Gıda mı yetersiz yoksa paylaşım sorunu mu var?

Dünya nüfusu hızla artmaya devam ediyor. 2018 yılı istatistiklerine göre 7 milyar 594 milyon kişiye ulaşmış durumda. Aynı yıl artış oranı ise %1,1 olarak belirlenmiş.

Dünyanın en kalabalık ülkesi Çin ve nüfusu 1 milyar 439 milyon. İkinci en yüksek kalabalığa sahip olan Hindistan ise 1 milyar 380 milyon kişiden oluşuyor. Üçüncü en yüksek nüfus ise ABD’ye ait ve 331 milyon.

Birleşmiş Milletler tarafından dünya nüfusunun 2050’ye kadar 9,7 milyara ulaşacağı tahmin ediliyor. Nüfus artışının çoğu, bu dönemde nüfusun iki katına çıkması beklenen Afrika’da yaşanıyor.

Artan bu Dünya nüfusunun beslenmesi gerekiyor. İçinde bulunduğumuz 2020 yılında esasen Afrika ülkeleri olmak üzere farklı ülkelerde açlık sınırında veya açlık çeken insanların sayısı çok fazla.

Mevcut koşullarda üretilen gıdalar ile dünya nüfusu yeterince beslenemezken, 2050 yılına ulaşıldığında gıda krizleri yaşanması kaçınılmaz olacak.

Bunun olmaması için 2050’ye kadar hem nüfus artışı hem de beslenme alışkanlıklarındaki değişimlere ve gıdaya olan talebe bakarak gıda üretimimizi %60 artırılması gerekiyor. Hem de değişen iklim koşulları altında gerçekleştirilmesi gerekiyor.

Dünya genelinde, özellikle ekonomik refahı iyi olan gelişmiş ülkelerdeki gıda üretimlerine bakıldığında, aslında şu anki nüfusu besleyecek gıdaya sahibiz. Bu durumda gıdanın paylaşımında sorun olduğu görülüyor. Beslenme ihtiyacına erişim eşit şekilde sağlanamıyor.

Adaletsiz dağıtımın çeşitli sebepleri var. Çatışmalar, politik sebepler, ekonomik ve sosyoekonomik faktörler bunlardan bazıları.

Bunda da küresel güçlerin etkisi elbette var. Gelişmemiş, fakir durumda olan insanları ya da ülkeleri kendilerine bağımlı hale getirmek istiyorlar.

Bir tarafta “malnutrition” denilen kötü beslenme ve sonucunda obez, kronik rahatsızlıklara sahip insanlar, diğer tarafta açlık içinde olanlar…

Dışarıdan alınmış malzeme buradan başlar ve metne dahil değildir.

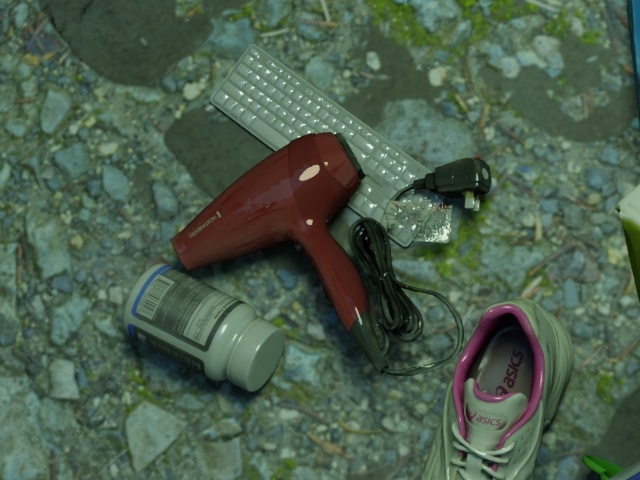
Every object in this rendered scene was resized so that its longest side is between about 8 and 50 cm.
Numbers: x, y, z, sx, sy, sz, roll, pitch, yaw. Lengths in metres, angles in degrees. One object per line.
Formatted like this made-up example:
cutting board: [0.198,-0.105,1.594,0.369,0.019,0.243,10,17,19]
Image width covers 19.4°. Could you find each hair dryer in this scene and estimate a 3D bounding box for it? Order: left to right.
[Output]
hair dryer: [0.000,0.000,1.694,0.293,0.080,0.223,4,59,22]

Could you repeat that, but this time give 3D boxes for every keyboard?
keyboard: [0.007,-0.093,1.785,0.256,0.014,0.072,37,85,21]

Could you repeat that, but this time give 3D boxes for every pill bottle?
pill bottle: [-0.107,0.082,1.725,0.137,0.078,0.078,26,81,19]

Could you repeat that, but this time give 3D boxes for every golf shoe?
golf shoe: [0.133,0.190,1.601,0.115,0.140,0.306,10,77,15]

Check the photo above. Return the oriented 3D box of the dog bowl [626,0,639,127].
dog bowl: [0.352,-0.163,1.654,0.166,0.074,0.297,2,61,-5]

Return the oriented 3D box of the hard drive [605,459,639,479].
hard drive: [0.279,0.346,1.479,0.210,0.040,0.318,-34,92,17]

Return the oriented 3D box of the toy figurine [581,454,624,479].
toy figurine: [0.247,0.283,1.564,0.173,0.130,0.159,32,97,56]

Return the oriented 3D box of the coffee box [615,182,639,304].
coffee box: [0.461,0.059,1.328,0.334,0.338,0.337,-40,50,-14]
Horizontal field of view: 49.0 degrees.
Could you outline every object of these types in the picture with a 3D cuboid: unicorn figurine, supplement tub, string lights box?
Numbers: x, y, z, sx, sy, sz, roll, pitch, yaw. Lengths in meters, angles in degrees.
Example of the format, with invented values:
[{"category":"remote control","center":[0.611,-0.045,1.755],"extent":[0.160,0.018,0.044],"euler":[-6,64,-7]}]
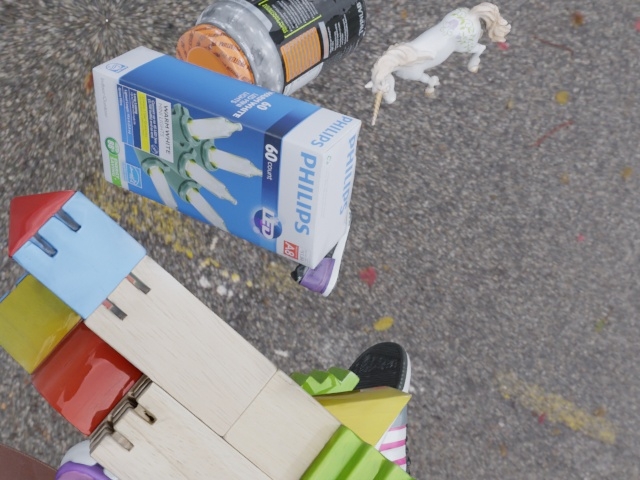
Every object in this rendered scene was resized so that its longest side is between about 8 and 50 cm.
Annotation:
[{"category":"unicorn figurine","center":[0.103,-0.175,0.675],"extent":[0.162,0.111,0.060],"euler":[-45,72,11]},{"category":"supplement tub","center":[-0.081,-0.348,1.208],"extent":[0.316,0.193,0.194],"euler":[-40,117,-34]},{"category":"string lights box","center":[-0.096,-0.087,0.697],"extent":[0.077,0.259,0.133],"euler":[-46,150,-45]}]

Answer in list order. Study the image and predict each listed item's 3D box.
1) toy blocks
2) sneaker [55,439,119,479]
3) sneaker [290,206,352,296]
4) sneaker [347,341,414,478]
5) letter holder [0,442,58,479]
[{"category":"toy blocks","center":[-0.120,0.093,0.503],"extent":[0.261,0.381,0.191],"euler":[43,74,-10]},{"category":"sneaker","center":[-0.155,0.283,0.596],"extent":[0.236,0.104,0.095],"euler":[38,118,5]},{"category":"sneaker","center":[0.000,0.000,1.825],"extent":[0.124,0.283,0.107],"euler":[21,143,-10]},{"category":"sneaker","center":[0.091,0.309,0.990],"extent":[0.178,0.123,0.296],"euler":[49,52,-39]},{"category":"letter holder","center":[-0.503,0.348,1.001],"extent":[0.152,0.214,0.302],"euler":[-30,140,5]}]
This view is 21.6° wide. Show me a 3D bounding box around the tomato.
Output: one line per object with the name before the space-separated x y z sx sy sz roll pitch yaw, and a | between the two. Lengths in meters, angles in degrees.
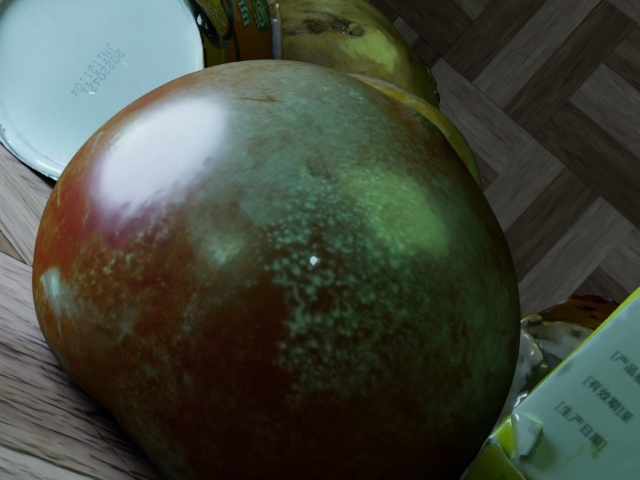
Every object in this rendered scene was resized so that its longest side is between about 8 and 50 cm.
tomato | -0.011 0.024 0.892 0.270 0.222 0.270 39 5 -4

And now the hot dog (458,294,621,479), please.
hot dog | 0.251 0.205 1.199 0.367 0.196 0.365 55 10 7

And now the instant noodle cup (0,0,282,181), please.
instant noodle cup | -0.154 -0.142 1.263 0.230 0.230 0.182 42 16 -5

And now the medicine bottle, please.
medicine bottle | 0.144 0.153 0.881 0.137 0.141 0.250 43 -26 14

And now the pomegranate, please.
pomegranate | -0.011 -0.094 1.551 0.281 0.281 0.281 42 6 -5

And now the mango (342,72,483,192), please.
mango | 0.000 0.000 1.200 0.384 0.222 0.198 133 -58 -75
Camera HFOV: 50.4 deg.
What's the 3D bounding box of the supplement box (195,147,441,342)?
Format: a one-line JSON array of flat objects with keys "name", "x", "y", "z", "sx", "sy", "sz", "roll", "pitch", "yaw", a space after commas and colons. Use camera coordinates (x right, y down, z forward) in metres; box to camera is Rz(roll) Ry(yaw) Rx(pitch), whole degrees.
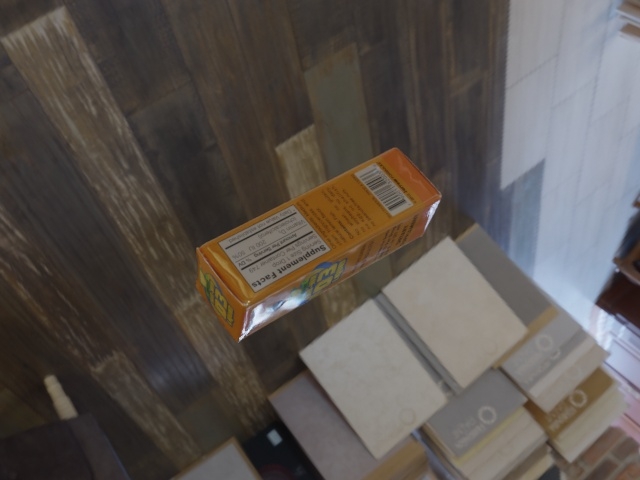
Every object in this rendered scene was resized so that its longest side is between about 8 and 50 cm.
[{"name": "supplement box", "x": 0.000, "y": 0.000, "z": 0.641, "sx": 0.233, "sy": 0.080, "sz": 0.078, "roll": -27, "pitch": 156, "yaw": -25}]
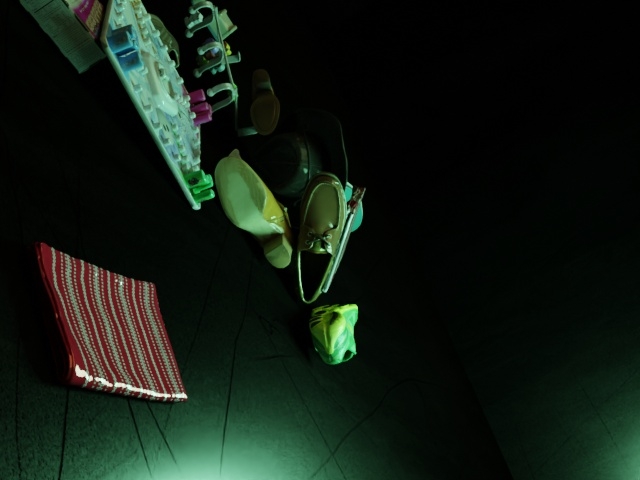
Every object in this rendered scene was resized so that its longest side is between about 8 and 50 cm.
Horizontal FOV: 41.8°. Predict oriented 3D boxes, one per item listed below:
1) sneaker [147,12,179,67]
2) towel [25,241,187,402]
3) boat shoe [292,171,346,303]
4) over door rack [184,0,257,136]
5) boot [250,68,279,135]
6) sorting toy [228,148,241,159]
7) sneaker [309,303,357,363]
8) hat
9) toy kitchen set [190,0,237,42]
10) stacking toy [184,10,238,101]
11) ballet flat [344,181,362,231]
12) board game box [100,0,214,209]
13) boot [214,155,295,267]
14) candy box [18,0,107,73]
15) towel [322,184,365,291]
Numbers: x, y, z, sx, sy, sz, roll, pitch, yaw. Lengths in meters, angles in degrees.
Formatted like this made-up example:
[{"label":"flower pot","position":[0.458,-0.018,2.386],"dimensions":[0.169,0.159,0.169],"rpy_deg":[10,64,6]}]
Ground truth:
[{"label":"sneaker","position":[-0.364,-0.446,1.875],"dimensions":[0.071,0.066,0.188],"rpy_deg":[66,15,15]},{"label":"towel","position":[-0.279,0.117,1.130],"dimensions":[0.275,0.031,0.199],"rpy_deg":[34,31,-63]},{"label":"boat shoe","position":[0.000,0.000,1.920],"dimensions":[0.104,0.110,0.307],"rpy_deg":[-90,-174,-66]},{"label":"over door rack","position":[-0.254,-0.410,2.085],"dimensions":[0.324,0.108,0.240],"rpy_deg":[61,15,-77]},{"label":"boot","position":[-0.137,-0.318,2.135],"dimensions":[0.152,0.072,0.197],"rpy_deg":[88,-2,-62]},{"label":"sorting toy","position":[-0.191,-0.163,1.996],"dimensions":[0.083,0.044,0.075],"rpy_deg":[65,7,17]},{"label":"sneaker","position":[0.028,0.217,1.946],"dimensions":[0.295,0.109,0.124],"rpy_deg":[-30,114,-78]},{"label":"hat","position":[-0.083,-0.178,2.038],"dimensions":[0.133,0.331,0.331],"rpy_deg":[1,56,-39]},{"label":"toy kitchen set","position":[-0.316,-0.710,2.558],"dimensions":[0.166,0.122,0.207],"rpy_deg":[56,34,-20]},{"label":"stacking toy","position":[-0.290,-0.508,2.302],"dimensions":[0.167,0.052,0.221],"rpy_deg":[42,24,-53]},{"label":"ballet flat","position":[0.008,-0.161,2.567],"dimensions":[0.400,0.139,0.139],"rpy_deg":[41,24,-52]},{"label":"board game box","position":[-0.311,-0.318,1.685],"dimensions":[0.390,0.050,0.390],"rpy_deg":[-101,169,-52]},{"label":"boot","position":[-0.149,-0.087,1.902],"dimensions":[0.295,0.104,0.211],"rpy_deg":[61,7,-23]},{"label":"candy box","position":[-0.462,-0.428,1.471],"dimensions":[0.233,0.071,0.159],"rpy_deg":[54,14,-30]},{"label":"towel","position":[0.058,-0.012,2.295],"dimensions":[0.037,0.237,0.329],"rpy_deg":[18,16,3]}]
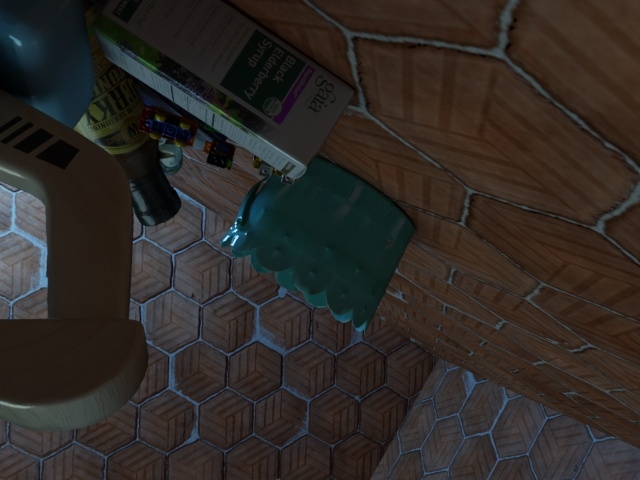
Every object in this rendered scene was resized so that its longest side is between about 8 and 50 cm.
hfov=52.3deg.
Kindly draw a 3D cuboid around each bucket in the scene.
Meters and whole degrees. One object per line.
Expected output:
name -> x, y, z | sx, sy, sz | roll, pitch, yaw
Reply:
bucket -> 0.000, 0.000, 1.026 | 0.281, 0.183, 0.281 | 32, 172, 5

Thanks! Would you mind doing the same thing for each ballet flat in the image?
ballet flat -> -0.272, -0.160, 1.084 | 0.070, 0.070, 0.188 | 27, 174, 31

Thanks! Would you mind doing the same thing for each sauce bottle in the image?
sauce bottle -> -0.292, -0.173, 0.892 | 0.111, 0.111, 0.344 | 24, 147, 45

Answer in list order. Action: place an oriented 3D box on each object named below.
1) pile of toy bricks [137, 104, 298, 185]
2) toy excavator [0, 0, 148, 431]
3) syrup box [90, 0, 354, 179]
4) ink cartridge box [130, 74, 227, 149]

İnsanlık adına açlık sorununa çözüm bulunmalıdır. Sadece devlet yönetimlerinin eline bırakılarak bu sorunun çözülemeyeceği aşikar. Çözümü kolay değil.

İnsanlık duygusunu kaybetmemiş olanların üstleneceği sivil inisiyatiflerin devreye girmesi gerekiyor. Ülkelerin kendi içlerinde yaptıkları gıdanın adil paylaşım talepleri, küresel ölçekte ve özellikle açlık çeken ülkeler üzerine olmalıdır.

İnsanlığın huzuru için gıdanın adil paylaşımını sağlamak adına çabalamalıyız.